Detectives were unable to solve the case until early 2001, by which time the science of DNA testing had advanced to the point where they no longer needed the suspect to submit to a blood test to get a sample large enough to test against the semen.

By then, all they needed was a trace of saliva. And they got it by rooting through Calzacorto's trash for items such as cigarette butts and part of an electric razor.

But what might have been an open-and-closed case was complicated by the fact that Brian's twin brother, Alfred Calzacorto Jr., has identical DNA and lived about 20 miles away in Tampa at the time Colannino was killed. But they eliminated him as a suspect after becoming convinced Alfred Jr. was at work in Tampa during the short time frame in which Colannino was killed.
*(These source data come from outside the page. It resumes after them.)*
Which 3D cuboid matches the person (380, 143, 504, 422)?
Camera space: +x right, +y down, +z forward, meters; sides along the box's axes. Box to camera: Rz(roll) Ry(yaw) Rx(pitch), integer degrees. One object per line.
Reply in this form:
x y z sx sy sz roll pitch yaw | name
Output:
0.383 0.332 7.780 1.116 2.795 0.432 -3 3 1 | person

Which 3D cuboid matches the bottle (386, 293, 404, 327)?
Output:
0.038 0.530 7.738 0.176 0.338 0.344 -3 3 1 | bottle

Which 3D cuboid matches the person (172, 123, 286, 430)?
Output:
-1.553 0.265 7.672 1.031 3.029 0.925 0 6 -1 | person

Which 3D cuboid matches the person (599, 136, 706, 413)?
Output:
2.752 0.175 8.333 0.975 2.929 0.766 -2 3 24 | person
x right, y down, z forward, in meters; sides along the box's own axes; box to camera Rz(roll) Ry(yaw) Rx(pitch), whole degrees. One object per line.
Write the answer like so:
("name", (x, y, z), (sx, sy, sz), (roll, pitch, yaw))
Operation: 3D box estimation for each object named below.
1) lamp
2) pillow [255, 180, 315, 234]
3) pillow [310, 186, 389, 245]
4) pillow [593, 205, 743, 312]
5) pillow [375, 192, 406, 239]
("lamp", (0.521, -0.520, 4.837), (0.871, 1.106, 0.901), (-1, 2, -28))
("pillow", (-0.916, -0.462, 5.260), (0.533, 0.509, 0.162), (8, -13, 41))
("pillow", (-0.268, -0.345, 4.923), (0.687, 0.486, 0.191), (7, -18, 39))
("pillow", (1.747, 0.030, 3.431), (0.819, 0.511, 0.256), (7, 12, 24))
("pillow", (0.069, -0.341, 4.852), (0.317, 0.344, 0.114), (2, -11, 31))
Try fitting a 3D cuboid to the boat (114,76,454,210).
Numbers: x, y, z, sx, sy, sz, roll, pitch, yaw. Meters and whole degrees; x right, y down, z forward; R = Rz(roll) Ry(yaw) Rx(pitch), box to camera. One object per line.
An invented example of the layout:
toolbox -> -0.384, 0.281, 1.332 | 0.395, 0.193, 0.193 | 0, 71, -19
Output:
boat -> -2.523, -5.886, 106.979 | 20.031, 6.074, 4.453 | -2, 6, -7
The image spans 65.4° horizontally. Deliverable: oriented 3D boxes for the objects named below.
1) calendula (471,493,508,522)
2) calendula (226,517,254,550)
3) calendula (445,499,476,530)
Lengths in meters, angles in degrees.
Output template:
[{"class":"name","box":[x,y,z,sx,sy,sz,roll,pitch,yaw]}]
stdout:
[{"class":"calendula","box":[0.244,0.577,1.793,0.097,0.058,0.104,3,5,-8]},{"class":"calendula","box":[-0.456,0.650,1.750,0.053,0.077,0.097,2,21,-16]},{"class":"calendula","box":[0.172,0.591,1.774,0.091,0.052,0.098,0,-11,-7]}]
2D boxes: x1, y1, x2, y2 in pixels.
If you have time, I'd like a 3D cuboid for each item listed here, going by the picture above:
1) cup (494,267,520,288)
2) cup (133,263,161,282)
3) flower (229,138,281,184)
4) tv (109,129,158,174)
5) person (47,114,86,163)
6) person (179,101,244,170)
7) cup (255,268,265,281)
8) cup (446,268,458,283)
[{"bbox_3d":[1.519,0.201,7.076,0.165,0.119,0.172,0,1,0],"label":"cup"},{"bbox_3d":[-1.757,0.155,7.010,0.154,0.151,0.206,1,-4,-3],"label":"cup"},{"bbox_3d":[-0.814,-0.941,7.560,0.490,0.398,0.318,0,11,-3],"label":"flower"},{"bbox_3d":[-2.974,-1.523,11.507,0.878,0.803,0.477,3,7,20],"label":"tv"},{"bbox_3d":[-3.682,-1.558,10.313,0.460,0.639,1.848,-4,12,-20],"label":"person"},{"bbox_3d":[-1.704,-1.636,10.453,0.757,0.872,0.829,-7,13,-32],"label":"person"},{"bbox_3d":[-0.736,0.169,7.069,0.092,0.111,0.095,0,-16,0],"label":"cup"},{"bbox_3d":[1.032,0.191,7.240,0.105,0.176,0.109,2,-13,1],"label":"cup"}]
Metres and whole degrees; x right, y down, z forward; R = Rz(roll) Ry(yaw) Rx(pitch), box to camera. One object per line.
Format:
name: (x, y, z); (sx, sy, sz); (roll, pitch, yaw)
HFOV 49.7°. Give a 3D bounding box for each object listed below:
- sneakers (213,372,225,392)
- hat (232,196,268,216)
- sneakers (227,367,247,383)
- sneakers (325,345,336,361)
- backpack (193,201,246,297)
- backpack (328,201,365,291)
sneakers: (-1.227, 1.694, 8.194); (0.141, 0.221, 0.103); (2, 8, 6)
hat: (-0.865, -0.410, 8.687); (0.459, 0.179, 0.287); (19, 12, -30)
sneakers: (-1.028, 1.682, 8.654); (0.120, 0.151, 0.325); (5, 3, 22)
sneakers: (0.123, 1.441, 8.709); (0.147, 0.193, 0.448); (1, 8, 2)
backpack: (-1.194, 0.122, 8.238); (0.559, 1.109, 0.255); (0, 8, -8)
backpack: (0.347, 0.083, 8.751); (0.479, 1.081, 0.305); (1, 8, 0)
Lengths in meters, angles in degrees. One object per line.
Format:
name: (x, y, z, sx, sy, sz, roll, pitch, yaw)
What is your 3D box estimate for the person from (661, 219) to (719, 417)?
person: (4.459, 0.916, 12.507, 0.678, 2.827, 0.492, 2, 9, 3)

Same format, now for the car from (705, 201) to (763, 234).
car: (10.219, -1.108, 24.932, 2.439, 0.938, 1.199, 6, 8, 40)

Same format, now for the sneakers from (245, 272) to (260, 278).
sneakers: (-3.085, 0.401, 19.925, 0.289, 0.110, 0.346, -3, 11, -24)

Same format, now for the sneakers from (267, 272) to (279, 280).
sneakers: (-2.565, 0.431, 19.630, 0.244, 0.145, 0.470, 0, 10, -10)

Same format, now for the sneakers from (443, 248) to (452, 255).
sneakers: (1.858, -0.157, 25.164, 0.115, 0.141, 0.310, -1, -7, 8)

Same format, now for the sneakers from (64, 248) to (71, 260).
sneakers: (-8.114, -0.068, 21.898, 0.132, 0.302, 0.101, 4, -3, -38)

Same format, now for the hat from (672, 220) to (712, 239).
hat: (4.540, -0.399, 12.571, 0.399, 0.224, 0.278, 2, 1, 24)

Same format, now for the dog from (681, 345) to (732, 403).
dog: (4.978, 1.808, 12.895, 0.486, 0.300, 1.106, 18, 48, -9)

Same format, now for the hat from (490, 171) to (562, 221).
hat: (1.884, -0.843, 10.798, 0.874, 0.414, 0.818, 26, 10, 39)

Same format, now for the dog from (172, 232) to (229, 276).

All five jurors who agreed to be interviewed yesterday said Calzacorto might have been found innocent if either he or his identical twin had acknowledged having sex with Colannino, thus explaining why semen matching the brothers' DNA was found on the body.

Had either brother acknowledged the contact, it would have jibed with the defense contention that Colannino's boyfriend killed her in a jealous rage after discovering she had been with one of the brothers, jurors said. But on the witness stand last week, both Calzacorto twins denied knowing her or having any contact with her.

Lindgren said the contrast between the identical twin brothers was striking.

"It was like a good twin and an evil twin, like Cain and Abel,'' the juror said.

Unlike in the Colannino case, Calzacorto became a suspect in his father's slaying almost immediately after it was discovered to be a homicide. He was at the home alone with his father on the morning of the slaying, and there was no sign of forced entry or burglary.

State Trooper Edward Pauley, who headed the original investigation, testified at a coroner's inquest that he could find no motive for the killing. But he did say there was friction between the father and son, who had recently graduated from college but did not have a job.

During the inquest in January 1987, Mary Ann Calzacorto, Alfred Jr., three daughters and two sons-in-law exercised their Fifth Amendment right not to answer questions 130 times among them. The coroner's jury later recommended Brian Calzacorto be charged with homicide and that family members be prosecuted for allegedly covering up the crime.

A handful of family members were charged, but none were convicted, and Brian Calzacorto was never charged.